MethylGene Inc.
TSX : MYG

MethylGene Inc.

December 11, 2006 07:30 ET

Positive Data Reported at ASH Annual Meeting for MethylGene's MGCD0103, an Oral, Isotype-Selective HDAC Inhibitor

Interim Results Report Seven Responders in Phase I/II Clinical Trial Evaluating MGCD0103 and Vidaza'R' Combination Phase II Portion to Commence in First Quarter 2007

MONTREAL, QUEBEC--(CCNMatthews - Dec. 11, 2006) - MethylGene Inc. (TSX:MYG), along with its partner Pharmion Corporation (NASDAQ:PHRM), today announced clinical data from its Phase I/II combination trial with Vidaza® (Trial 005) and from a Phase I single-agent trial (Trial 004) for its isotype-selective, histone deacetylase (HDAC) inhibitor, MGCD0103, as well as a brief update for its other MGCD0103 clinical trials. The clinical data was presented at two poster sessions at the 48th Annual Meeting of the American Society of Hematology (ASH) in Orlando on Sunday, December 10th, 2006.

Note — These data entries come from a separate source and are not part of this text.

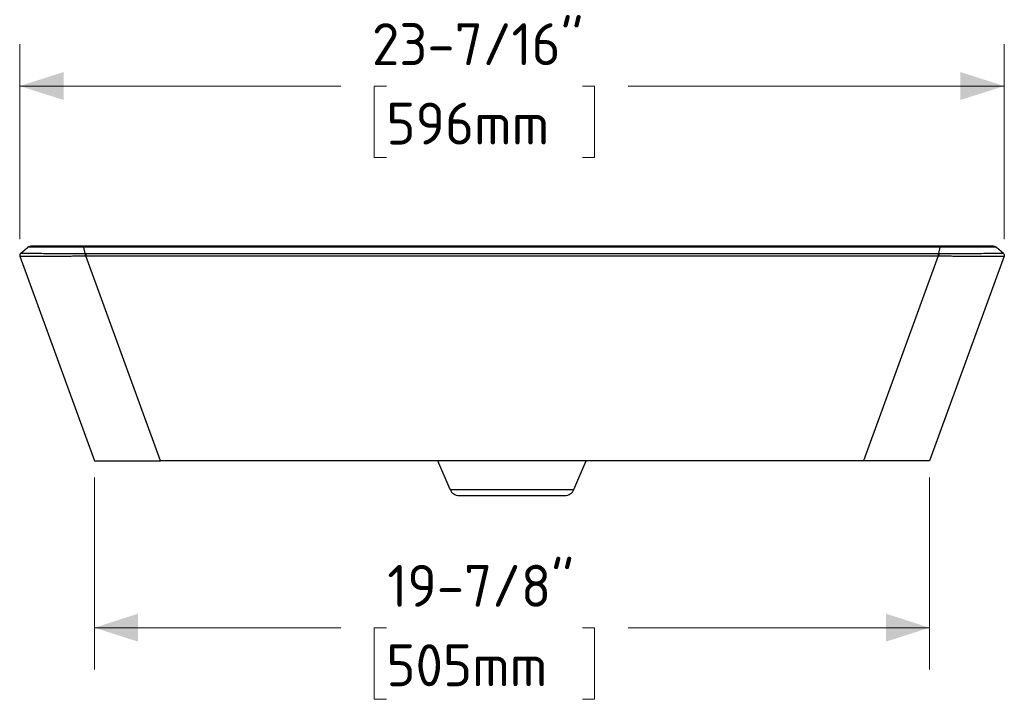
# Model space of a CAD drawing. Header units: inches. Extents: x 0.4 to 10.9, y 1.5 to 7.9.
# Tile 1 of 3: x 1 to 4, y 1.5 to 3.5. Entities that reach past the tile are written whole.
import ezdxf

# ---------------------------------------------------------------- set-up
doc = ezdxf.new("R2010")
doc.units = ezdxf.units.IN
doc.header["$MEASUREMENT"] = 0
doc.linetypes.add('SLD-Solid', pattern=[0])
doc.styles.add('SLDTEXTSTYLE0', font='DIN Pro')
doc.dimstyles.new('SLDDIMSTYLE0', dxfattribs={"dimtxt": 0.125, "dimasz": 0.13, "dimexe": 0, "dimexo": 0.0625, "dimgap": 0.03125, "dimtad": 0, "dimtih": 1, "dimtoh": 1, "dimdec": 6, "dimlfac": 8, "dimrnd": 1e-09, "dimzin": 12, "dimdsep": 46, "dimlunit": 5, "dimtxsty": 'SLDTEXTSTYLE0', "dimsah": 1, "dimcen": 0.09, "dimadec": 0, "dimazin": 3, "dimtfac": 1, "dimtdec": 0, "dimtofl": 0, "dimtmove": 0, "dimatfit": 3, "dimfxl": 1, "dimfrac": 2, "dimtolj": 1, "dimtzin": 12, "dimarcsym": 0})

# ---------------------------------------------------------------- blocks, each defined once
blk = doc.blocks.new('_D')
at = {"color": 7, "linetype": 'SLD-Solid', "lineweight": 18}
for p, q in [((1.0383, 2.8651), (1.0383, 3.4469)), ((3.9696, 2.8651), (3.9696, 3.4469)), ((1.0383, 3.3219), (1.9937, 3.3219)), ((2.1299, 3.3213), (2.0936, 3.3213)), ((2.0936, 3.3213), (2.0936, 3.1088)), ((2.7135, 3.3213), (2.7498, 3.3213)), ((2.7498, 3.3213), (2.7498, 3.1088)), ((3.9696, 3.3219), (2.8497, 3.3219)), ((2.0936, 3.1088), (2.1299, 3.1088)), ((2.7498, 3.1088), (2.7135, 3.1088))]:
    blk.add_line(p, q, dxfattribs=at)
for points in [[(1.0383, 3.3219), (1.1683, 3.2802), (1.1683, 3.3635)], [(3.9696, 3.3219), (3.8396, 3.3635), (3.8396, 3.2802)]]:
    blk.add_solid(points, dxfattribs=at)
at = {"color": 7, "linetype": 'SLD-Solid', "lineweight": 18, "char_height": 0.125, "attachment_point": 1, "style": 'SLDTEXTSTYLE0'}
for s, insert in [('23-7/16"', (2.0868, 3.5091)), ('596mm', (2.1299, 3.2725))]:
    blk.add_mtext(s, dxfattribs=dict(at, insert=insert))
blk = doc.blocks.new('_D_1')
at = {"color": 7, "linetype": 'SLD-Solid', "lineweight": 18}
for p, q in [((1.2604, 2.1548), (1.2604, 1.5827)), ((3.7475, 2.1548), (3.7475, 1.5827)), ((1.2604, 1.7077), (1.9937, 1.7077)), ((2.1299, 1.7072), (2.0936, 1.7072)), ((2.0936, 1.7072), (2.0936, 1.4947)), ((2.7135, 1.7072), (2.7498, 1.7072)), ((2.7498, 1.7072), (2.7498, 1.4947)), ((3.7475, 1.7077), (2.8497, 1.7077)), ((2.0936, 1.4947), (2.1299, 1.4947)), ((2.7498, 1.4947), (2.7135, 1.4947))]:
    blk.add_line(p, q, dxfattribs=at)
for points in [[(1.2604, 1.7077), (1.3904, 1.6661), (1.3904, 1.7494)], [(3.7475, 1.7077), (3.6175, 1.7494), (3.6175, 1.6661)]]:
    blk.add_solid(points, dxfattribs=at)
at = {"color": 7, "linetype": 'SLD-Solid', "lineweight": 18, "char_height": 0.125, "attachment_point": 1, "style": 'SLDTEXTSTYLE0'}
for s, insert in [('19-7/8"', (2.1326, 1.895)), ('505mm', (2.1299, 1.6583))]:
    blk.add_mtext(s, dxfattribs=dict(at, insert=insert))

msp = doc.modelspace()

# ---------------------------------------------------------------- linework, layer by layer
at = {"color": 7, "linetype": 'SLD-Solid', "lineweight": 25}
for p, q in [((1.04040583, 2.82325574), (1.04040588, 2.82325578)), ((1.04040588, 2.82325578), (1.06120209, 2.84111603)), ((3.77934769, 2.8445353), (1.22856067, 2.8445353)), ((1.23293255, 2.82266367), (1.22856073, 2.84128556)), ((3.77934772, 2.84128554), (1.22856074, 2.84128556)), ((1.23514691, 2.82266327), (3.77276156, 2.82266327)), ((1.23514691, 2.81560902), (3.77276155, 2.81560902)), ((1.45747357, 2.20477153), (1.23514691, 2.81560902)), ((3.77276155, 2.81560902), (3.55043488, 2.20477153)), ((3.77497591, 2.82266366), (3.77934772, 2.84128554)), ((3.96750255, 2.8232558), (3.94670635, 2.84111602)), ((3.96750258, 2.82325578), (3.96750263, 2.82325573)), ((1.03827861, 2.81513088), (1.26043125, 2.20477153)), ((3.96962985, 2.81513088), (3.74747721, 2.20477153)), ((3.55043488, 2.20477153), (1.45747357, 2.20477153)), ((2.31940698, 2.11941529), (2.28317541, 2.20477153)), ((2.68850147, 2.11941529), (2.72473304, 2.20477153)), ((2.31940698, 2.11941529), (2.68850147, 2.11941529)), ((2.34658725, 2.10142507), (2.66132121, 2.10142507))]:
    msp.add_line(p, q, dxfattribs=at)
for centre, start, end in [((2.34658725, 2.13095263), 203, 270), ((2.66132121, 2.13095263), 270, 337)]:
    msp.add_arc(centre, 0.02952756, start, end, dxfattribs=at)
for points in [[(1.04040583, 2.82325574), (1.03927623, 2.82228561), (1.03762556, 2.81964276), (1.03776934, 2.81653009), (1.03827861, 2.81513088)], [(1.04040588, 2.82325578), (1.03927625, 2.82228563), (1.03762556, 2.81964269), (1.03776941, 2.81652995), (1.03827874, 2.81513071)], [(1.22856074, 2.84128556), (1.22856074, 2.84232761), (1.22856074, 2.8439674), (1.22856074, 2.8445353), (1.22856074, 2.8445353)], [(1.23293255, 2.82266367), (1.23293143, 2.8218411), (1.2329292, 2.81963019), (1.23292759, 2.81690702), (1.23292706, 2.81560747)], [(1.23292706, 2.81560747), (1.23366903, 2.81560836), (1.23440887, 2.81560902), (1.23514691, 2.81560902)], [(1.23293255, 2.82266367), (1.2336709, 2.82266328), (1.23440887, 2.82266327), (1.23514691, 2.82266327)], [(1.23514691, 2.82266327), (1.23514691, 2.82184091), (1.23514691, 2.8196307), (1.23514691, 2.8169083), (1.23514691, 2.81560902)], [(3.77276155, 2.82266327), (3.77276155, 2.82184091), (3.77276155, 2.8196307), (3.77276155, 2.8169083), (3.77276155, 2.81560902)], [(3.77497591, 2.82266366), (3.77497702, 2.8218411), (3.77497924, 2.81963019), (3.77498084, 2.81690702), (3.77498138, 2.81560748)], [(3.77934772, 2.84128555), (3.77934772, 2.8423276), (3.77934772, 2.8439674), (3.77934772, 2.8445353), (3.77934772, 2.8445353)], [(3.96750258, 2.8232558), (3.96863221, 2.82228564), (3.9702829, 2.8196427), (3.97013904, 2.81652995), (3.96962971, 2.81513071)], [(1.03827861, 2.81513088), (1.03827861, 2.81513088), (1.03827864, 2.81513082), (1.03827874, 2.81513071)], [(3.96962972, 2.81513071), (3.96962982, 2.81513081), (3.96962984, 2.81513087), (3.96962985, 2.81513088)]]:
    msp.add_open_spline(points, degree=3, dxfattribs=at)
for points, knots in [([(1.03827874, 2.81513071), (1.03827916, 2.81513032), (1.03828133, 2.8151282), (1.03829677, 2.81512124), (1.03831004, 2.8151164), (1.03837686, 2.81509882), (1.03845778, 2.81508305), (1.03887871, 2.81503139), (1.03940174, 2.81499191), (1.04117355, 2.81492913), (1.0424207, 2.8149056), (1.04573386, 2.81487909), (1.04779872, 2.81487574), (1.05521914, 2.81488722), (1.06180109, 2.81492139), (1.07757274, 2.81498572), (1.08675231, 2.8150151), (1.10683922, 2.81505355), (1.11773477, 2.81506298), (1.14042588, 2.81508963), (1.15223259, 2.81510804), (1.16999378, 2.81517721), (1.17592342, 2.81520733), (1.18770786, 2.81528281), (1.19356222, 2.8153284), (1.205119, 2.81542651), (1.21081924, 2.81547909), (1.21921921, 2.81554464), (1.22199219, 2.81556411), (1.22749171, 2.81559392), (1.23022398, 2.81560423), (1.23292706, 2.81560747)], [0, 0, 0, 0, 0.015625, 0.015625, 0.03125, 0.03125, 0.0625, 0.0625, 0.125, 0.125, 0.1875, 0.1875, 0.25, 0.25, 0.375, 0.375, 0.5, 0.5, 0.625, 0.625, 0.75, 0.75, 0.8125, 0.8125, 0.875, 0.875, 0.9375, 0.9375, 0.96875, 0.96875, 1, 1, 1, 1]), ([(1.04040588, 2.82325578), (1.0404082, 2.82325635), (1.04041319, 2.82325758), (1.04049635, 2.82326499), (1.04074548, 2.82327761), (1.04131503, 2.82329431), (1.04275786, 2.82332197), (1.04590466, 2.82335168), (1.054049, 2.82337662), (1.07028115, 2.82336766), (1.09414449, 2.82330778), (1.11900014, 2.82322292), (1.14146311, 2.82312693), (1.16273251, 2.82301661), (1.18216678, 2.82289934), (1.19698672, 2.82280713), (1.20840731, 2.82274289), (1.21694301, 2.82270185), (1.22492686, 2.82267241), (1.2303884, 2.82266644), (1.23293255, 2.82266367)], [0, 0, 0, 0, 0.0160264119, 0.0345444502, 0.0555762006, 0.0842991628, 0.1131254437, 0.1731295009, 0.2357911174, 0.3631099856, 0.5037881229, 0.5962679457, 0.6844546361, 0.7681087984, 0.8293604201, 0.8882485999, 0.9195636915, 0.9449873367, 0.9743734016, 1, 1, 1, 1]), ([(1.22856073, 2.84128556), (1.22769183, 2.84128416), (1.22584128, 2.84128119), (1.22289713, 2.8412799), (1.21961747, 2.84128042), (1.21600554, 2.84128301), (1.2107583, 2.84128959), (1.20401585, 2.84129901), (1.19363521, 2.84131536), (1.18041354, 2.8413216), (1.16430491, 2.84129985), (1.14928033, 2.84125966), (1.1308335, 2.84120291), (1.11033662, 2.84115194), (1.09279375, 2.84117319), (1.08134258, 2.84121131), (1.07401726, 2.84123657), (1.06829636, 2.84123876), (1.06506298, 2.84121774), (1.06308611, 2.84118232), (1.06206856, 2.84115451), (1.06147607, 2.84113003), (1.06123597, 2.84111707), (1.06121251, 2.84111634), (1.0612021, 2.84111602)], [0, 0, 0, 0, 0.0101096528, 0.021531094, 0.0342602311, 0.0482909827, 0.0636145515, 0.0954791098, 0.1271664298, 0.185804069, 0.2528934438, 0.3238803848, 0.3767618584, 0.4993088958, 0.621980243, 0.6838076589, 0.746136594, 0.8112095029, 0.8723113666, 0.8954051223, 0.9360846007, 0.9616703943, 0.9829855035, 1, 1, 1, 1]), ([(1.08722792, 2.8445353), (1.08399174, 2.84450294), (1.0774415, 2.84443744), (1.07012174, 2.84392279), (1.06463168, 2.8431061), (1.06300888, 2.84229863), (1.06219053, 2.84189144)], [0, 0, 0, 0, 0.24159941, 0.489012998, 0.7423182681, 1, 1, 1, 1]), ([(1.22856067, 2.8445353), (1.2259707, 2.8445353), (1.22335057, 2.8445353), (1.21814167, 2.8445353), (1.2155432, 2.8445353), (1.20777543, 2.8445353), (1.20263396, 2.8445353), (1.18740895, 2.8445353), (1.17753257, 2.8445353), (1.15859839, 2.8445353), (1.14954893, 2.8445353), (1.13257656, 2.8445353), (1.12464147, 2.8445353), (1.11010512, 2.8445353), (1.10350753, 2.8445353), (1.09192286, 2.8445353), (1.08692738, 2.8445353), (1.07879608, 2.8445353), (1.07566925, 2.8445353), (1.07252732, 2.8445353), (1.07173723, 2.8445353), (1.07094945, 2.8445353), (1.07075302, 2.8445353), (1.07055796, 2.8445353), (1.07048532, 2.8445353), (1.07044991, 2.8445353), (1.07043457, 2.8445353), (1.07043098, 2.8445353), (1.07043159, 2.8445353)], [0, 0, 0, 0, 0.03125, 0.03125, 0.0625, 0.0625, 0.125, 0.125, 0.25, 0.25, 0.375, 0.375, 0.5, 0.5, 0.625, 0.625, 0.75, 0.75, 0.875, 0.875, 0.9375, 0.9375, 0.96875, 0.96875, 0.984375, 0.9921875, 0.9921875, 1, 1, 1, 1]), ([(3.77276155, 2.82266327), (3.77293075, 2.82266327), (3.77310395, 2.82266327), (3.77347916, 2.82266329), (3.7736794, 2.82266331), (3.77407789, 2.82266336), (3.77427438, 2.8226634), (3.77463963, 2.82266351), (3.77480662, 2.82266358), (3.77497591, 2.82266366)], [0, 0, 0, 0, 0.25, 0.25, 0.5, 0.5, 0.75, 0.75, 1, 1, 1, 1]), ([(3.77276155, 2.81560902), (3.77293075, 2.81560902), (3.77310395, 2.81560902), (3.77347955, 2.8156089), (3.77368016, 2.81560878), (3.77407971, 2.81560846), (3.77427686, 2.81560827), (3.77464353, 2.81560787), (3.77481126, 2.81560768), (3.77498138, 2.81560748)], [0, 0, 0, 0, 0.25, 0.25, 0.5, 0.5, 0.75, 0.75, 1, 1, 1, 1]), ([(3.77497591, 2.82266366), (3.77664755, 2.82266502), (3.78013979, 2.82266785), (3.78560304, 2.82268243), (3.79192442, 2.82270595), (3.79951946, 2.82274292), (3.81094553, 2.82280683), (3.8257646, 2.82289864), (3.84935029, 2.82304126), (3.87865924, 2.82318527), (3.90726991, 2.82328762), (3.92922396, 2.82334643), (3.94465632, 2.82337265), (3.95512683, 2.82337246), (3.9619112, 2.82335055), (3.96511129, 2.82332197), (3.96659673, 2.82329546), (3.96722183, 2.8232758), (3.96748389, 2.82325921), (3.96749651, 2.82325691), (3.96750255, 2.8232558)], [0, 0, 0, 0, 0.0168360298, 0.0351723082, 0.0550272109, 0.0805327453, 0.1117954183, 0.1706950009, 0.2319484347, 0.3591024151, 0.4959917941, 0.5913385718, 0.6807917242, 0.7642800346, 0.822923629, 0.8869671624, 0.9158032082, 0.9445363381, 0.9734717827, 1, 1, 1, 1]), ([(3.77498138, 2.81560748), (3.78039112, 2.81560102), (3.7858967, 2.81556655), (3.79709951, 2.81547913), (3.80280311, 2.81542647), (3.81436523, 2.8153281), (3.82022493, 2.81528231), (3.83201207, 2.81520648), (3.83794099, 2.81517613), (3.85570564, 2.81510621), (3.86751384, 2.81508737), (3.89021061, 2.81506002), (3.90110662, 2.81505028), (3.92119247, 2.81501174), (3.9303743, 2.81498232), (3.94614211, 2.81491858), (3.95271955, 2.81488481), (3.96013125, 2.8148742), (3.96219414, 2.81487783), (3.96550157, 2.81490489), (3.96674583, 2.81492869), (3.96851285, 2.81499191), (3.96903379, 2.81503152), (3.96945246, 2.81508327), (3.96953277, 2.81509904), (3.96959897, 2.81511657), (3.96961207, 2.81512138), (3.96962727, 2.81512828), (3.96962933, 2.81513038), (3.96962971, 2.81513071)], [0, 0, 0, 0, 0.0625, 0.0625, 0.125, 0.125, 0.1875, 0.1875, 0.25, 0.25, 0.375, 0.375, 0.5, 0.5, 0.625, 0.625, 0.75, 0.75, 0.8125, 0.8125, 0.875, 0.875, 0.9375, 0.9375, 0.96875, 0.96875, 0.984375, 0.984375, 1, 1, 1, 1]), ([(3.93747683, 2.8445353), (3.93747801, 2.8445353), (3.93746267, 2.8445353), (3.93739893, 2.8445353), (3.9373505, 2.8445353), (3.93715548, 2.8445353), (3.93695907, 2.8445353), (3.93617143, 2.8445353), (3.93538148, 2.8445353), (3.93224008, 2.8445353), (3.92911516, 2.8445353), (3.92098565, 2.8445353), (3.91599178, 2.8445353), (3.90441034, 2.8445353), (3.89781484, 2.8445353), (3.88328196, 2.8445353), (3.87535048, 2.8445353), (3.85838191, 2.8445353), (3.84933433, 2.8445353), (3.83040448, 2.8445353), (3.82053275, 2.8445353), (3.80530968, 2.8445353), (3.8001693, 2.8445353), (3.79240281, 2.8445353), (3.7898047, 2.8445353), (3.78589844, 2.8445353), (3.78394303, 2.8445353), (3.78198494, 2.8445353), (3.78067903, 2.8445353), (3.78000117, 2.8445353), (3.77934772, 2.8445353)], [0, 0, 0, 0, 0.015625, 0.015625, 0.03125, 0.03125, 0.0625, 0.0625, 0.125, 0.125, 0.25, 0.25, 0.375, 0.375, 0.5, 0.5, 0.625, 0.625, 0.75, 0.75, 0.875, 0.875, 0.9375, 0.9375, 0.96875, 0.96875, 0.984375, 0.9921875, 0.9921875, 1, 1, 1, 1]), ([(3.94670635, 2.84111602), (3.94670319, 2.84111594), (3.94669637, 2.84111575), (3.94662667, 2.84111984), (3.94649002, 2.84112684), (3.94625754, 2.84113715), (3.94572626, 2.84115794), (3.9448202, 2.84118253), (3.94284102, 2.84121834), (3.93961336, 2.84123971), (3.93389405, 2.84123818), (3.92657262, 2.8412135), (3.91512503, 2.84117608), (3.89758558, 2.84115431), (3.87484458, 2.84121302), (3.85610172, 2.84126647), (3.84121393, 2.84130539), (3.82781341, 2.8413201), (3.81459989, 2.84131528), (3.80392993, 2.8413016), (3.79650925, 2.8412888), (3.78995787, 2.84127942), (3.78448054, 2.84127793), (3.78100039, 2.8412831), (3.77934772, 2.84128555)], [0, 0, 0, 0, 0.00972701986, 0.02098705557, 0.03377619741, 0.04808824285, 0.06391372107, 0.10480808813, 0.12768137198, 0.18881008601, 0.25383091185, 0.31615431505, 0.37797368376, 0.50062842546, 0.6231420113, 0.70887796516, 0.74698992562, 0.81064023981, 0.87269097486, 0.9043729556, 0.93623406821, 0.95950922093, 0.98077162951, 1, 1, 1, 1]), ([(3.94562516, 2.84195721), (3.94466669, 2.84241328), (3.94258106, 2.84340567), (3.93622192, 2.84393372), (3.92559068, 2.84424354), (3.91237628, 2.84432241), (3.89852373, 2.84437796), (3.88934867, 2.84440419), (3.88337702, 2.8444149), (3.88188581, 2.84441758)], [0, 0, 0, 0, 0.144431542, 0.314281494, 0.50791791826, 0.72449201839, 0.84000839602, 0.96004771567, 1, 1, 1, 1]), ([(3.9676269, 2.82314657), (3.96760633, 2.82316495), (3.9675652, 2.82320171), (3.96752345, 2.82323777), (3.96750258, 2.8232558)], [0, 0, 0, 0, 0.5000315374, 1, 1, 1, 1]), ([(1.26043125, 2.20477153), (1.26043154, 2.20477175), (1.26043219, 2.20477221), (1.26062783, 2.20477231), (1.2612651, 2.20476846), (1.26293473, 2.2047734), (1.26663678, 2.20477128), (1.27603581, 2.20477152), (1.28965549, 2.20477258), (1.30609471, 2.20476974), (1.31940426, 2.20477261), (1.33407365, 2.20476939), (1.34970729, 2.20477357), (1.36664097, 2.20476717), (1.38447622, 2.20477257), (1.40325208, 2.20477259), (1.42010277, 2.2047689), (1.43287569, 2.20477631), (1.44207203, 2.20477045), (1.44963061, 2.20477265), (1.45498445, 2.20477189), (1.45747357, 2.20477153)], [0, 0, 0, 0, 0.0252530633, 0.0544333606, 0.0884097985, 0.1195895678, 0.1854455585, 0.2513910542, 0.3810004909, 0.4418792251, 0.5049509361, 0.5665568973, 0.6302593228, 0.6921687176, 0.7575449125, 0.8212669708, 0.8849750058, 0.9256507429, 0.9473386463, 0.9755165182, 1, 1, 1, 1]), ([(3.74747723, 2.20477153), (3.74747723, 2.20477153), (3.74747741, 2.20477153), (3.74747176, 2.20477153), (3.74746587, 2.20477153), (3.7474247, 2.20477152), (3.74736553, 2.20477152), (3.74709714, 2.20477152), (3.746886, 2.20477152), (3.7462583, 2.20477153), (3.74584496, 2.20477153), (3.74427607, 2.20477153), (3.74278562, 2.20477153), (3.73892037, 2.20477153), (3.73655051, 2.20477153), (3.73105032, 2.20477153), (3.72791485, 2.20477152), (3.72109289, 2.20477152), (3.71741102, 2.20477152), (3.70967979, 2.20477152), (3.70563413, 2.20477153), (3.69719439, 2.20477153), (3.69278201, 2.20477153), (3.68353212, 2.20477153), (3.67869776, 2.20477153), (3.66861024, 2.20477154), (3.66335664, 2.20477154), (3.64700958, 2.20477153), (3.63532557, 2.20477152), (3.61707455, 2.20477151), (3.61086615, 2.20477151), (3.59827297, 2.2047715), (3.59188849, 2.20477151), (3.58224493, 2.20477153), (3.57900582, 2.20477153), (3.57261975, 2.20477153), (3.56948375, 2.20477153), (3.56351531, 2.20477153), (3.56068875, 2.20477153), (3.5553763, 2.20477153), (3.55289629, 2.20477153), (3.55043488, 2.20477153)], [0, 0, 0, 0, 0.015625, 0.015625, 0.03125, 0.03125, 0.0625, 0.0625, 0.09375, 0.09375, 0.125, 0.125, 0.1875, 0.1875, 0.25, 0.25, 0.3125, 0.3125, 0.375, 0.375, 0.4375, 0.4375, 0.5, 0.5, 0.5625, 0.5625, 0.625, 0.625, 0.75, 0.75, 0.8125, 0.8125, 0.875, 0.875, 0.90625, 0.90625, 0.9375, 0.9375, 0.96875, 0.96875, 1, 1, 1, 1])]:
    msp.add_open_spline(points, degree=3, knots=knots, dxfattribs=at)

# ---------------------------------------------------------------- dimensions: what is measured, and where the dimension line sits
at = {"color": 7, "linetype": 'SLD-Solid', "lineweight": 18}
for base, p1, p2, angle, picture, middle in [((3.96962971, 3.321852), (1.03827874, 2.81513071), (3.96962971, 2.8151307), 359.99999982, '_D', (2.42170108, 3.321852)), ((3.74747721, 1.70772428), (1.26043125, 2.20477153), (3.74747721, 2.20477153), 0, '_D_1', (2.42170108, 1.70772428))]:
    dim = msp.add_linear_dim(base=base, p1=p1, p2=p2, angle=angle, dimstyle='SLDDIMSTYLE0', dxfattribs=at)
    dim.commit()
    dim.dimension.update_dxf_attribs({"geometry": picture, "text_midpoint": middle, "dimtype": 160})

doc.saveas('drawing.dxf')

Phase I/II HDAC poster (Trial 005): "Phase I/II study of the oral isotype-selective histone deacetylase (HDAC) inhibitor MGCD0103 in combination with azacitidine in patients with high-risk Myelodysplastic Syndromes (MDS) or Acute Myelogenous Leukemia (AML)" described interim results for 23 patients with MDS or AML at dose levels of MGCD0103 ranging from 35 to 135 mg. Dosing is currently ongoing at the approximate maximum tolerated dose of single agent MGCD0103 (110 mg) administered orally three times a week without interruption. Azacitidine (Vidaza®) is administered at its approved dose and schedule of 75mg/m2 SC daily x 7 every 28 days.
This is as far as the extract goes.